I actually cannot believe how comfortable the saddle is, I’ll readily admit it didn’t look promising (despite being a really really ridiculously goodlooking saddle) and the first few short trips were not exactly something to write home about but really, if you’re willing to spend some time laying the foundation of a healthy partnership and the same amount of time on a sometimsetup depth set up, then you’ll be laughing. Apparently they’re supposed to get better with time and miles under the belt (so to speak) so my ladyparts are in for a treat!

More on Breaking in the RP

On Sunday June 24th, Alex and I completed the 40-something kilometers of the Melbourne Roobaix with a group of friends and about 2000 other bike enthusiasts. The day was spectacular and Melbourne put on its best behaviour so that fun could be had by all, riding along cobble stones, winding around back alleys, panting up hills and generally confusing already baffled Sunday drivers with our sheer roobaix numbers. My Surly Long Haul Trucker (affectionately known as Surly Elliot) was the perfect bike to tackle these trials and tribulations – and the Rivet Pearl looked after my bits and bum alike – I was shaken but not stirred.

Brunswick Velodrome: witness the continued rejoicing at the end of a marvellous Roobaix. (photo curtesy of Graeme Cross, 2012)

Since securing my RP, I have probably only knocked over around 150 kilometres, but it has been such a delight to ride so early in the piece that I feel positive that it shall continue to assert its usefulness and comfort in the months… make that years… to come! Technically, Rivet Cycle Works honor a six month return policy on all saddles, but as I have no idea where over the seas I will be in one month’s time, let alone six! I will have to trust that the Pearl is in fact a pearl in real life – its luster increasing with each ride.
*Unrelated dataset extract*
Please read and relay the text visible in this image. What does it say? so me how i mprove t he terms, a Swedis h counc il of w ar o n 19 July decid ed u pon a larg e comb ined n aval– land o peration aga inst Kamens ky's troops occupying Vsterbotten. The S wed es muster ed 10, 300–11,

Many thanks to Richard Ayling of Diggari Imports for his generous aid in suiting us with an alarming number of items, from the Rivet to Ortleib panniers and even a beautiful bell to boot!  (More reviews on these products to come). Make sure you get in contact with Diggari to give one a go!

Bottoms up!

Diggari Imports

  1. I find your criticism of Brooks England saddles interesting given that a Brooks has an adjusting bolt to re-tension the saddle, just as the one you review does. Not sure therefore how the Brooks seems to be inferior. Given their long history I think I will stick to my four saddles. Interesting review but.
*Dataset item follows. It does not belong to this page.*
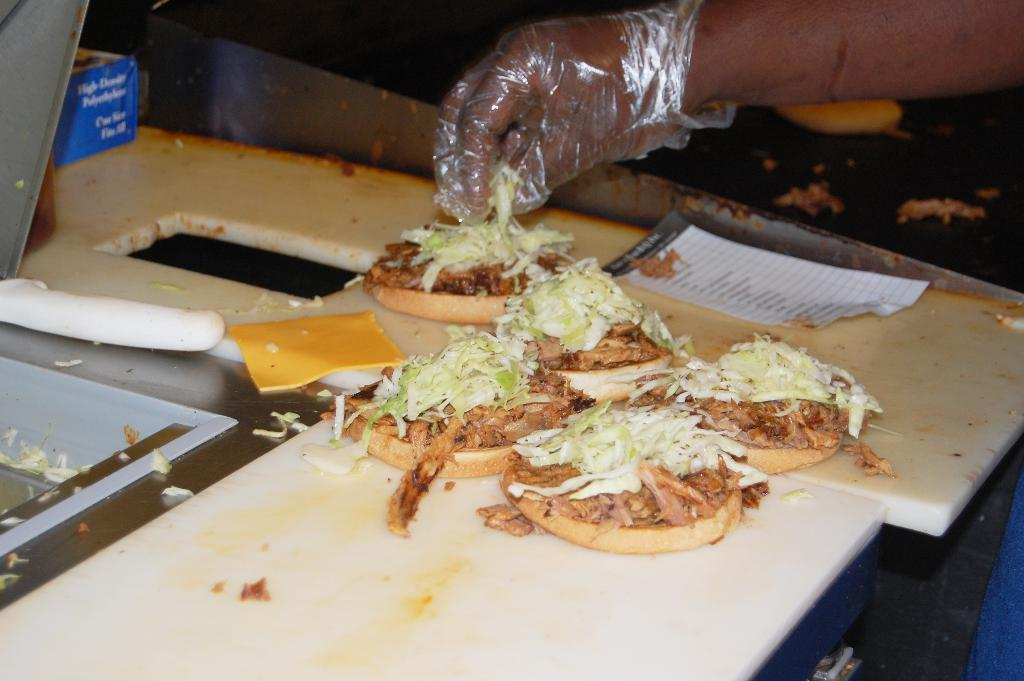What is the main subject of the image? The main subject of the image is pizzas. Where are the pizzas located in the image? The pizzas are placed on a table in the center of the image. Can you describe the person's hand visible in the image? A person's hand is visible in the image, but it is not clear what the person is doing. Are there any other pizzas visible in the image? Yes, there is at least one pizza visible in the background of the image, and it is also placed on a table. What is the weight of the net used to catch the pizzas in the image? There is no net present in the image, and the pizzas are not being caught.

  2. Thanks for the comment, Andrew. I think the main difference is in the way that the splay is limited by the adjoining plate instead of having extra lacing to rely on. I definitely don’t believe the Brooks is inferior however, nor should their wonderfully reliable and long-standing history be disregarded. Brooks just uses a different approach. I think, as the Rivet saddles are a relatively new design, they’ve tried to take the best from both worlds and invent from there. I shall try to review this review and ensure that it doesn’t come across as though I’m bagging the Brooks. Thanks again.